In the movie that girl chops my head off, but obviously that's bullshit, since you don't survive that. The movie had a lot of bullshit in it, right down to casting that old bitch Betsy Palmer as me. Did they really think that a pampered little actress like that would be strong enough to push an arrow through both a mattress and a young guy's throat? I doubt they cared, of course. The movies were just for idiot teenagers. Apparently, there was a remake a few years ago. My grandniece told me. She asked if she should watch it and I just laughed, which was a bit mean, in retrospect. She's seventeen, she doesn't know.
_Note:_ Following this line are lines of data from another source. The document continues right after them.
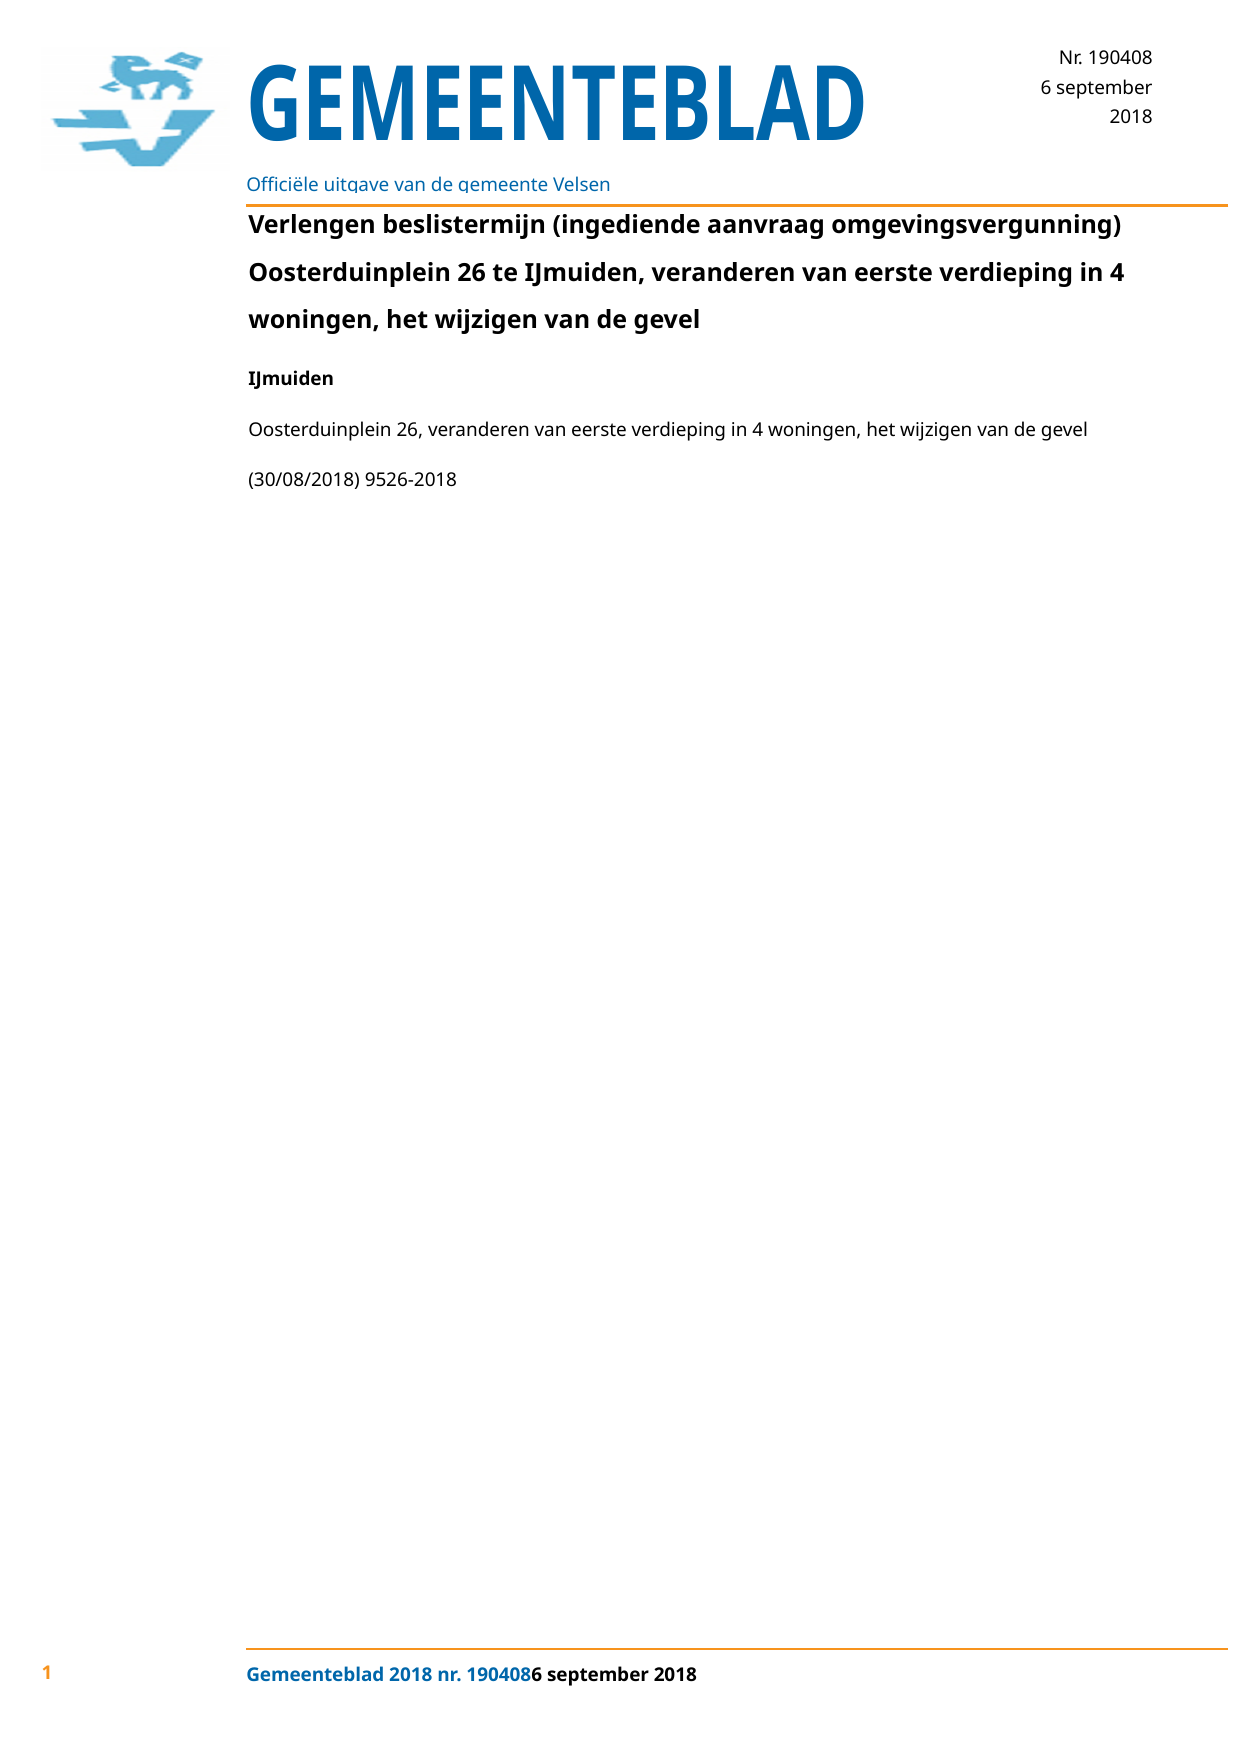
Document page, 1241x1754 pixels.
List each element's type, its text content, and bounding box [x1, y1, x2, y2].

text (30/08/2018) 9526-2018 [248, 466, 1152, 492]
text Verlengen beslistermijn (ingediende aanvraag omgevingsvergunning) Oosterduinplein 26 te IJmuiden, veranderen van eerste verdieping in 4 woningen, het wijzigen van de gevel [248, 207, 1152, 336]
text Oosterduinplein 26, veranderen van eerste verdieping in 4 woningen, het wijzigen van de gevel [248, 416, 1152, 442]
picture [41, 47, 231, 172]
text IJmuiden [248, 366, 1152, 391]

She doesn't know how Hollywood takes your story for its market potential and then does what it wants with it, that there's no such thing as "realism" or "sensitivity", even when they pretend that there is.        
       
I started writing to Aileen Wuornos, the Florida prostitute who killed johns, about a year before she was executed. Well, she started writing to me. Some nonsense about the end of the world and how we as incarcerated women would inherit the earth. I should have ignored her letter, I suppose, but what have I got to lose? Besides, the turnkeys read everything anyway. Don't act like they don't. I know because I once wrote a letter to my niece claiming that an officer had hit me with a nightstick (he hadn't) and of course she didn't bring it up in her letter back. They censor stuff like that, to make sure us convicts don't have a deleterious influence on the outside world. As if anyone's going to listen to an old hag who killed ten kids back when the peanut farmer was president.        
       
I talk about convicts and screws, but of course I'm supposed to see them as patients and orderlies. Fact remains I can't leave, and they lock you in at night, though I guess I shouldn't gripe. We get a television room and time spent in a garden rather than a concrete exercise yard with walls higher than Jericho's. It's more comfortable than Camp Crystal Lake's ratty old cabins.        
       
Yet in a strange way I'd still rather be there than here. It was my own fault. When I think about the camp I think about a full moon, hanging fat in the sky like a bone-coloured bauble, like what people in the underworld would hang on their Christmas trees. I'm not a poet by nature, but I've had a lot of time to reflect, to romanticise.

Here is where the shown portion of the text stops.